To the best of our knowledge, this is the first case report to describe 2 brothers who presented in adulthood with congenital deafness and Eisenmenger PDA without facial, skeletal, or mental abnormalities.

PDA is correlated with rubella infection during pregnancy, premature birth, birth at a high altitude, family history, or other genetic conditions.[ Both siblings in this case report were term infants by history, thus, preterm causes are excluded. Congenital rubella syndrome may comprise cardiac PDA, cerebral, ophthalmic, and auditory defects.[ The maternal body would normally produce antibodies to the rubella virus once infected, thereby minimizing the possibility of repeated infection occurring in the next pregnancy. In our 2 cases, Eisenmenger PDA and congenital deafness happened twice in the offspring, thus maternal rubella infection is unlikely. PDA has been reported to occur in connection with other environmental factors such as fetal valproate syndrome.[ However, both our cases denied any seizure or valproate exposure history.

Several genetic syndromes have been reported to increase the incidence of PDA, including chromosomal aberrations, single-gene mutations, and X-linked mutations.[ Common chromosomal aberrations, such as trisomy 21 (also known as Down syndrome) and 4p- syndrome (i.e., Wolf–Hirschhorn syndrome), have distinct craniofacial phenotypes.[ Single-gene mutations include Carpenter's syndrome and Holt–Oram syndrome. The former is characterized by craniosynostosis, abnormalities of the fingers and toes, and other developmental problems.[ Holt–Oram syndrome features abnormalities of the upper limbs and heart.[ Mutations in TFAP2B, which encodes a neural crest-derived transcription factor, can cause the abnormalities in Char syndrome, characterized by PDA, facial dysmorphism, and skeletal abnormalities of the hand.[ CHARGE syndrome (Coloboma of the eye, Heart defects (including PDA), Atresia of the choanae, Retarded growth and development, Genital hypoplasia, and Ear anomalies and/or deafness) is a specific collection of nonrandomly occurring congenital anomalies caused by heterozygous mutation of CHD7 transmitted in an autosomal-dominant manner.[ Myhre syndrome, a connective tissue disorder characterized by deafness, restricted joint movement, compact body habitus, and distinctive craniofacial and skeletal features, is caused by heterozygous mutations in SMAD4.[ Cardiac manifestations in Myhre syndrome included PDA, septal defects, aortic coarctation, and pericarditis.[ As both siblings in this report grew up normally (i.e., without mental, skeletal, or facial abnormalities), involvement of the aforementioned genetic syndromes is unlikely.

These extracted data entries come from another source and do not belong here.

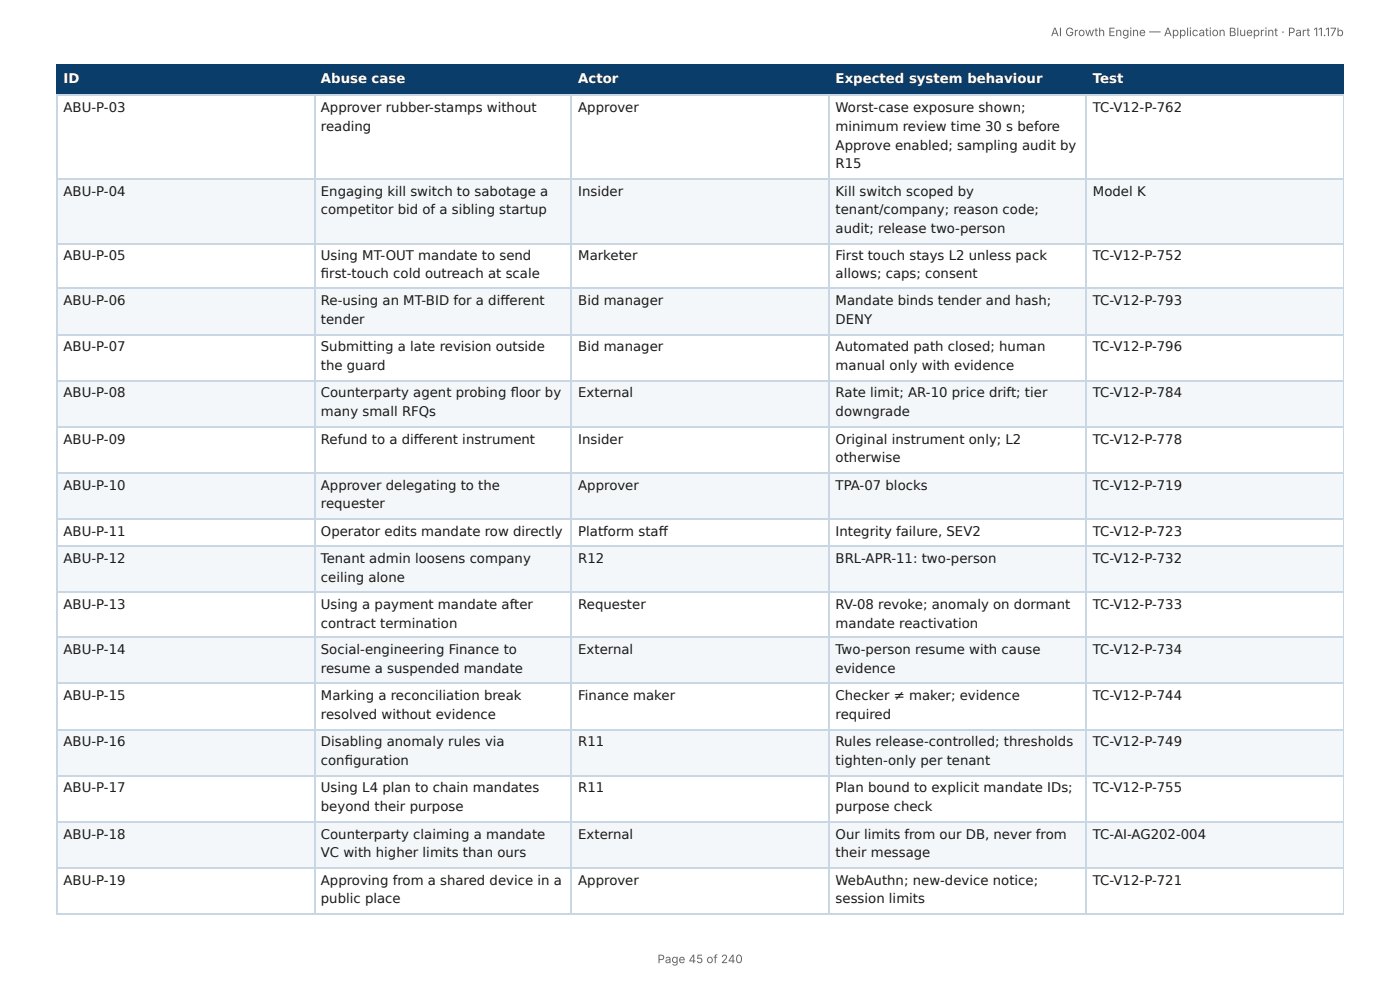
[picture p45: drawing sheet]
<svg xmlns="http://www.w3.org/2000/svg" width="297mm" height="210mm" viewBox="0 0 297 210" stroke-linecap="round" stroke-linejoin="round" font-family="sans-serif">
<defs><g id="words">
<g font-size="2.8" fill="#fff">
<text x="13.5" y="17.7">ID</text>
<text x="68.2" y="17.7">Abuse case</text>
<text x="122.8" y="17.7">Actor</text>
<text x="177.5" y="17.7">Expected system behaviour</text>
<text x="232.1" y="17.7">Test</text>
</g>
<g font-size="2.8" fill="#1a1a1a">
<text x="13.5" y="23.8">ABU-P-03</text>
<text x="68.2" y="23.8">Approver rubber-stamps without</text>
<text x="122.8" y="23.8">Approver</text>
<text x="177.5" y="23.8">Worst-case exposure shown;</text>
<text x="232.1" y="23.8">TC-V12-P-762</text>
<text x="68.2" y="27.8">reading</text>
<text x="177.5" y="27.8">minimum review time 30 s before</text>
<text x="177.5" y="31.8">Approve enabled; sampling audit by</text>
<text x="177.5" y="35.7">R15</text>
<text x="13.5" y="41.5">ABU-P-04</text>
<text x="68.2" y="41.5">Engaging kill switch to sabotage a</text>
<text x="122.8" y="41.5">Insider</text>
<text x="177.5" y="41.5">Kill switch scoped by</text>
<text x="232.1" y="41.5">Model K</text>
<text x="68.2" y="45.5">competitor bid of a sibling startup</text>
<text x="177.5" y="45.5">tenant/company; reason code;</text>
<text x="177.5" y="49.5">audit; release two-person</text>
<text x="13.5" y="55.3">ABU-P-05</text>
<text x="68.2" y="55.3">Using MT-OUT mandate to send</text>
<text x="68.2" y="59">fi rst-touch cold outreach at scale</text>
<text x="122.8" y="55.3">Marketer</text>
<text x="177.5" y="55.3">First touch stays L2 unless pack</text>
<text x="177.5" y="59">allows; caps; consent</text>
<text x="232.1" y="55.3">TC-V12-P-752</text>
<text x="13.5" y="64.8">ABU-P-06</text>
<text x="68.2" y="64.8">Re-using an MT-BID for a diff erent</text>
<text x="122.8" y="64.8">Bid manager</text>
<text x="177.5" y="64.8">Mandate binds tender and hash;</text>
<text x="232.1" y="64.8">TC-V12-P-793</text>
<text x="68.2" y="68.8">tender</text>
<text x="177.5" y="68.8">DENY</text>
<text x="13.5" y="74.6">ABU-P-07</text>
<text x="68.2" y="74.6">Submitting a late revision outside</text>
<text x="122.8" y="74.6">Bid manager</text>
<text x="177.5" y="74.6">Automated path closed; human</text>
<text x="232.1" y="74.6">TC-V12-P-796</text>
<text x="68.2" y="78.6">the guard</text>
<text x="177.5" y="78.6">manual only with evidence</text>
<text x="13.5" y="84.4">ABU-P-08</text>
<text x="68.2" y="84.4">Counterparty agent probing fl oor by</text>
<text x="68.2" y="88.4">many small RFQs</text>
<text x="122.8" y="84.4">External</text>
<text x="177.5" y="84.4">Rate limit; AR-10 price drift; tier</text>
<text x="177.5" y="88.4">downgrade</text>
<text x="232.1" y="84.4">TC-V12-P-784</text>
<text x="13.5" y="94.2">ABU-P-09</text>
<text x="68.2" y="94.2">Refund to a diff erent instrument</text>
<text x="122.8" y="94.2">Insider</text>
<text x="177.5" y="94.2">Original instrument only; L2</text>
<text x="232.1" y="94.2">TC-V12-P-778</text>
<text x="177.5" y="98.2">otherwise</text>
<text x="13.5" y="104">ABU-P-10</text>
<text x="68.2" y="104">Approver delegating to the</text>
<text x="68.2" y="108">requester</text>
<text x="122.8" y="104">Approver</text>
<text x="177.5" y="104">TPA-07 blocks</text>
<text x="232.1" y="104">TC-V12-P-719</text>
<text x="13.5" y="113.8">ABU-P-11</text>
<text x="68.2" y="113.8">Operator edits mandate row directly</text>
<text x="122.8" y="113.8">Platform staff</text>
<text x="177.5" y="113.8">Integrity failure, SEV2</text>
<text x="232.1" y="113.8">TC-V12-P-723</text>
<text x="13.5" y="119.6">ABU-P-12</text>
<text x="68.2" y="119.6">Tenant admin loosens company</text>
<text x="122.8" y="119.6">R12</text>
<text x="177.5" y="119.6">BRL-APR-11: two-person</text>
<text x="232.1" y="119.6">TC-V12-P-732</text>
<text x="68.2" y="123.6">ceiling alone</text>
<text x="13.5" y="129.4">ABU-P-13</text>
<text x="68.2" y="129.4">Using a payment mandate after</text>
<text x="122.8" y="129.4">Requester</text>
<text x="177.5" y="129.4">RV-08 revoke; anomaly on dormant</text>
<text x="232.1" y="129.4">TC-V12-P-733</text>
<text x="68.2" y="133.4">contract termination</text>
<text x="177.5" y="133.4">mandate reactivation</text>
<text x="13.5" y="138.9">ABU-P-14</text>
<text x="68.2" y="138.9">Social-engineering Finance to</text>
<text x="68.2" y="142.9">resume a suspended mandate</text>
<text x="122.8" y="138.9">External</text>
<text x="177.5" y="138.9">Two-person resume with cause</text>
<text x="177.5" y="142.9">evidence</text>
<text x="232.1" y="138.9">TC-V12-P-734</text>
<text x="13.5" y="148.7">ABU-P-15</text>
<text x="68.2" y="148.7">Marking a reconciliation break</text>
<text x="122.8" y="148.7">Finance maker</text>
<text x="177.5" y="148.7">Checker ≠ maker; evidence</text>
<text x="232.1" y="148.7">TC-V12-P-744</text>
<text x="68.2" y="152.7">resolved without evidence</text>
<text x="177.5" y="152.7">required</text>
<text x="13.5" y="158.5">ABU-P-16</text>
<text x="68.2" y="158.5">Disabling anomaly rules via</text>
<text x="122.8" y="158.5">R11</text>
<text x="177.5" y="158.5">Rules release-controlled; thresholds</text>
<text x="232.1" y="158.5">TC-V12-P-749</text>
<text x="68.2" y="162.5">confi guration</text>
<text x="177.5" y="162.5">tighten-only per tenant</text>
<text x="13.5" y="168.3">ABU-P-17</text>
<text x="68.2" y="168.3">Using L4 plan to chain mandates</text>
<text x="68.2" y="172.2">beyond their purpose</text>
<text x="122.8" y="168.3">R11</text>
<text x="177.5" y="168.3">Plan bound to explicit mandate IDs;</text>
<text x="177.5" y="172.2">purpose check</text>
<text x="232.1" y="168.3">TC-V12-P-755</text>
<text x="13.5" y="178.1">ABU-P-18</text>
<text x="68.2" y="178.1">Counterparty claiming a mandate</text>
<text x="122.8" y="178.1">External</text>
<text x="177.5" y="178.1">Our limits from our DB, never from</text>
<text x="232.1" y="178.1">TC-AI-AG202-004</text>
<text x="68.2" y="182">VC with higher limits than ours</text>
<text x="177.5" y="182">their message</text>
<text x="13.5" y="187.9">ABU-P-19</text>
<text x="68.2" y="187.9">Approving from a shared device in a</text>
<text x="68.2" y="191.8">public place</text>
<text x="122.8" y="187.9">Approver</text>
<text x="177.5" y="187.9">WebAuthn; new-device notice;</text>
<text x="177.5" y="191.8">session limits</text>
<text x="232.1" y="187.9">TC-V12-P-721</text>
</g>
<g font-size="2.5" fill="#666">
<text x="223.2" y="7.7">AI Growth Engine — Application Blueprint · Part 11.17b</text>
<text x="139.6" y="204.5">Page 45 of 240</text>
</g>
</g></defs>
<g fill="#0b3d6b">
<path d="M12.2 14h54.5v6.1h-54.5z"/>
<path d="M66.7 14h54.7v6.1h-54.7z"/>
<path d="M121.4 14h54.5v6.1h-54.5z"/>
<path d="M175.9 14h54.8v6.1h-54.8z"/>
<path d="M230.7 14h54.7v6.1h-54.7z"/>
</g>
<g fill="#f4f7fa">
<path d="M12.2 37.8h54.5v13.8h-54.5z"/>
<path d="M66.7 37.8h54.7v13.8h-54.7z"/>
<path d="M121.4 37.8h54.5v13.8h-54.5z"/>
<path d="M175.9 37.8h54.8v13.8h-54.8z"/>
<path d="M230.7 37.8h54.7v13.8h-54.7z"/>
<path d="M12.2 61.4h54.5v9.8h-54.5z"/>
<path d="M66.7 61.4h54.7v9.8h-54.7z"/>
<path d="M121.4 61.4h54.5v9.8h-54.5z"/>
<path d="M175.9 61.4h54.8v9.8h-54.8z"/>
<path d="M230.7 61.4h54.7v9.8h-54.7z"/>
<path d="M12.2 81h54.5v9.8h-54.5z"/>
<path d="M66.7 81h54.7v9.8h-54.7z"/>
<path d="M121.4 81h54.5v9.8h-54.5z"/>
<path d="M175.9 81h54.8v9.8h-54.8z"/>
<path d="M230.7 81h54.7v9.8h-54.7z"/>
<path d="M12.2 100.3h54.5v9.8h-54.5z"/>
<path d="M66.7 100.3h54.7v9.8h-54.7z"/>
<path d="M121.4 100.3h54.5v9.8h-54.5z"/>
<path d="M175.9 100.3h54.8v9.8h-54.8z"/>
<path d="M230.7 100.3h54.7v9.8h-54.7z"/>
<path d="M12.2 115.9h54.5v9.8h-54.5z"/>
<path d="M66.7 115.9h54.7v9.8h-54.7z"/>
<path d="M121.4 115.9h54.5v9.8h-54.5z"/>
<path d="M175.9 115.9h54.8v9.8h-54.8z"/>
<path d="M230.7 115.9h54.7v9.8h-54.7z"/>
<path d="M12.2 135.5h54.5v9.8h-54.5z"/>
<path d="M66.7 135.5h54.7v9.8h-54.7z"/>
<path d="M121.4 135.5h54.5v9.8h-54.5z"/>
<path d="M175.9 135.5h54.8v9.8h-54.8z"/>
<path d="M230.7 135.5h54.7v9.8h-54.7z"/>
<path d="M12.2 155h54.5v9.8h-54.5z"/>
<path d="M66.7 155h54.7v9.8h-54.7z"/>
<path d="M121.4 155h54.5v9.8h-54.5z"/>
<path d="M175.9 155h54.8v9.8h-54.8z"/>
<path d="M230.7 155h54.7v9.8h-54.7z"/>
<path d="M12.2 174.4h54.5v9.8h-54.5z"/>
<path d="M66.7 174.4h54.7v9.8h-54.7z"/>
<path d="M121.4 174.4h54.5v9.8h-54.5z"/>
<path d="M175.9 174.4h54.8v9.8h-54.8z"/>
<path d="M230.7 174.4h54.7v9.8h-54.7z"/>
</g>
<path d="M11.9 13.9h273.5M12 13.8v6.6M66.8 13.8v6.6M121.3 13.8v6.6M176.1 13.8v6.6M230.6 13.8v6.6M11.9 20.2h273.5" fill="none" stroke="#0b3d6b" stroke-width=".26"/>
<path d="M285.3 13.8v6.6" fill="none" stroke="#0b3d6b" stroke-width=".21"/>
<g fill="none" stroke="#c9d6e3" stroke-width=".26">
<path d="M11.9 20.2h273.5M11.9 38h273.5M12 20.4v173.5M66.8 20.4v173.5M121.3 20.4v173.5M176.1 20.4v173.5M230.6 20.4v173.5M11.9 51.7h273.5M11.9 61.3h273.5M11.9 71h273.5M11.9 80.8h273.5M11.9 90.6h273.5"/>
<path d="M11.9 100.4h273.5M11.9 110.2h273.5M11.9 116h273.5M11.9 125.8h273.5M11.9 135.3h273.5M11.9 145.1h273.5M11.9 154.9h273.5M11.9 164.7h273.5M11.9 174.5h273.5M11.9 184.3h273.5M11.9 194.1h273.5"/>
</g>
<path d="M285.3 20.4v173.5" fill="none" stroke="#c9d6e3" stroke-width=".21"/>
<use href="#words"/>
</svg>
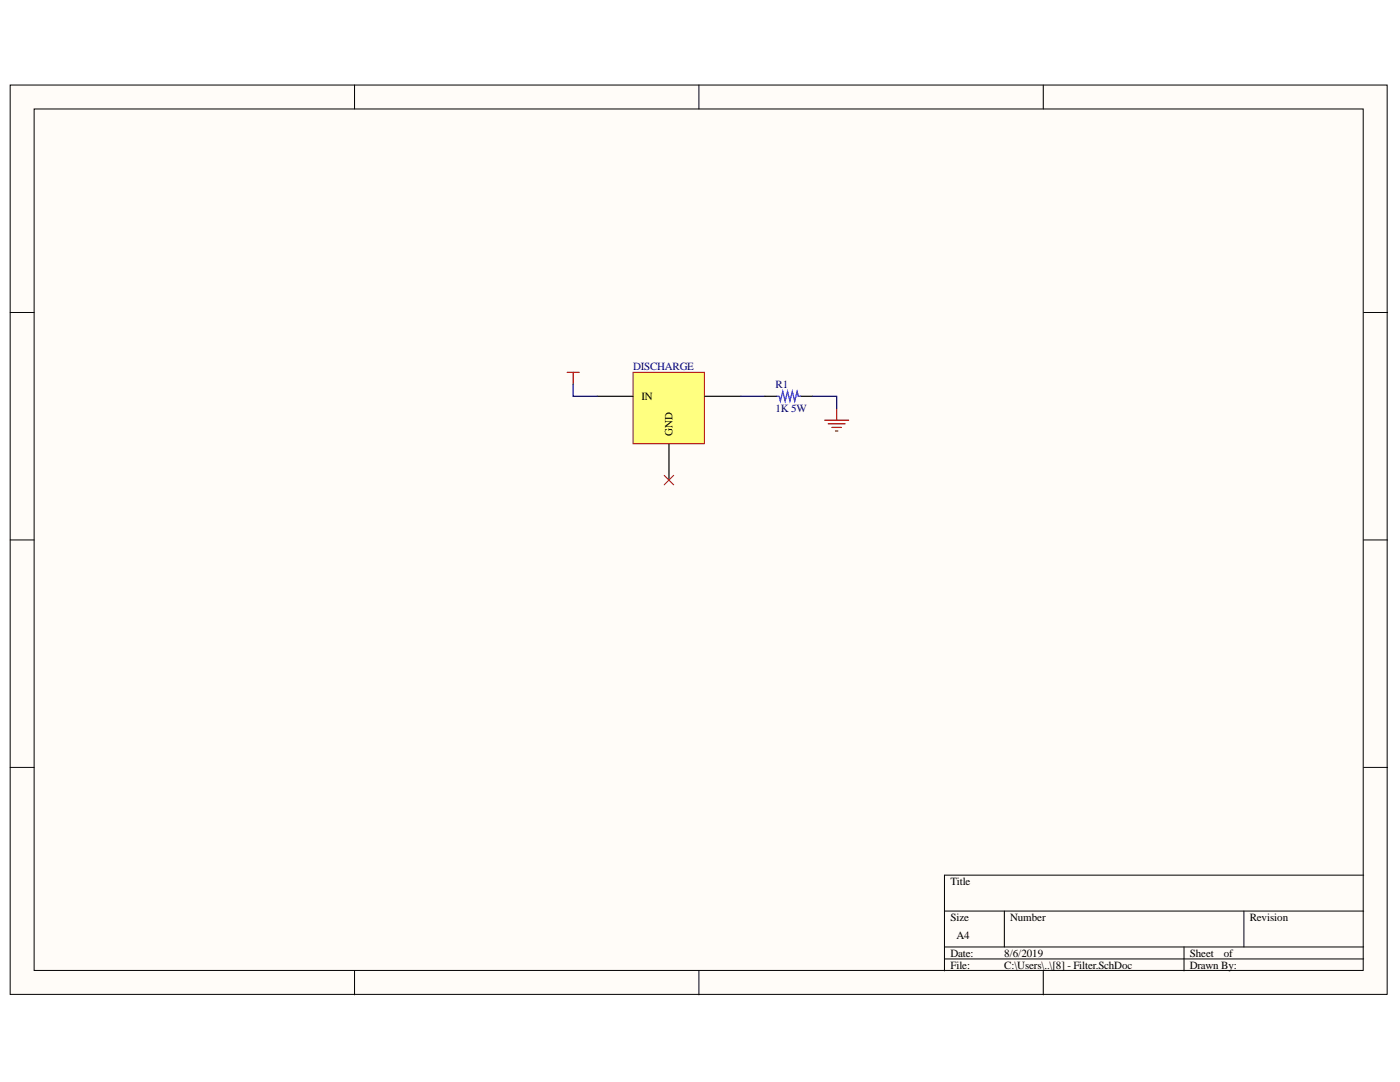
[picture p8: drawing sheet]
<svg xmlns="http://www.w3.org/2000/svg" width="279mm" height="216mm" viewBox="0 0 279 216" stroke-linecap="round" stroke-linejoin="round" font-family="sans-serif">
<defs><g id="words">
<g font-size="2.2" fill="#000080">
<text x="126.4" y="73.9">DISCHARGE</text>
<text x="154.8" y="77.4">R1</text>
<text x="154.8" y="82.2">1K 5W</text>
</g>
<g font-size="2.2">
<text x="128" y="79.8">IN</text>
<text x="134.2" y="87" transform="rotate(-90 134.2 87)">GND</text>
<text x="189.7" y="176.5">Title</text>
<text x="189.7" y="183.7">Size</text>
<text x="201.6" y="183.7">Number</text>
<text x="249.4" y="183.7">Revision</text>
<text x="189.7" y="190.9">Date:</text>
<text x="190.9" y="187.3">A4</text>
<text x="200.4" y="190.9">8/6/2019</text>
<text x="237.5" y="190.9">Sheet</text>
<text x="244.2" y="190.9">of</text>
<text x="189.7" y="193.3">File:</text>
<text x="200.4" y="193.3">C:\Users\..\[8] - Filter.SchDoc</text>
<text x="237.5" y="193.3">Drawn By:</text>
</g>
</g></defs>
<g fill="#fffcf8" stroke="#000" stroke-width=".2">
<path d="M2 17h274.8v181.4h-274.8z"/>
<path d="M6.8 21.7h265.3v171.9h-265.3z"/>
</g>
<g fill="none" stroke="#000" stroke-width=".2">
<path d="M70.8 17v4.7M139.5 17v4.7M208.2 17v4.7M2 62.4h4.8M272.2 62.4h4.7M2 107.7h4.8M272.2 107.7h4.7M2 153.1h4.8M272.2 153.1h4.7M272.2 174.6h-83.7v19.1M70.8 193.7v4.8M139.5 193.7v4.8"/>
<path d="M188.5 181.8h83.7M188.5 189h83.7M188.5 191.3h83.7M200.4 181.8v7.2M208.2 193.7v4.8M236.3 189v4.7M248.2 181.8v7.2"/>
</g>
<path d="M126.3 74.3h14.3v14.2h-14.3z" fill="#ffff80" stroke="#bf0000" stroke-width=".2"/>
<path d="M119.2 79.1h7.1M140.7 79.1h7.1M152.6 79.1h2.4M159.8 79.1h2.4M133.5 88.6v7.2" fill="none" stroke="#000" stroke-width=".24"/>
<path d="M132.5 94.8l2 2M134.5 94.8l-2 2" fill="none" stroke="#f00" stroke-width=".2"/>
<path d="M113.2 74.3h2.4M114.4 74.3v2.4M164.6 83.9h4.8M165.3 84.6h3.3M166 85.3h1.9M166.7 86h.5M167 81.5v2.4" fill="none" stroke="#800000" stroke-width=".24"/>
<path d="M114.4 76.7v2.4h4.8M147.8 79.1h4.8M162.2 79.1h4.8v2.4" fill="none" stroke="#000080" stroke-width=".24"/>
<path d="M155 79.1h.5l.2 .9 .5-1.9 .5 1.9 .5-1.9 .4 1.9 .5-1.9 .5 1.9 .5-1.9 .2 1h.5" fill="none" stroke="#00f" stroke-width=".24"/>
<use href="#words"/>
</svg>

The hemodynamic change after endothelin receptor antagonist treatment in the younger brother was compatible with results from the BREATHE-5 study. That study showed that endothelin receptor antagonist treatment improved the functional status of Eisenmenger syndrome by decreasing both pulmonary arterial and systemic arterial pressure and resistance but had no impact on the shunting.[

For PDA with the presence of right-to-left shunting, current guidelines do not suggest simple closure of the shunt either by catheter or surgery.[ Heart–lung or lung transplantation is an option in special cases not responsive to medical treatment, but is limited by organ availability.[ Palliation with endothelin receptor antagonist or phosphodiesterase type-5 inhibitor may decrease pulmonary vascular resistance, decrease pulmonary arterial pressure, and improve functional status, as occurred in both of our cases.[

Conclusion

In this report, we presented rare clustering of congenital deafness, PDA with Eisenmenger complex, and differential cyanosis in male siblings within a family. Palliation with endothelin receptor antagonist may improve functional status as our cases did. Further studies are needed to define the possible genetic links.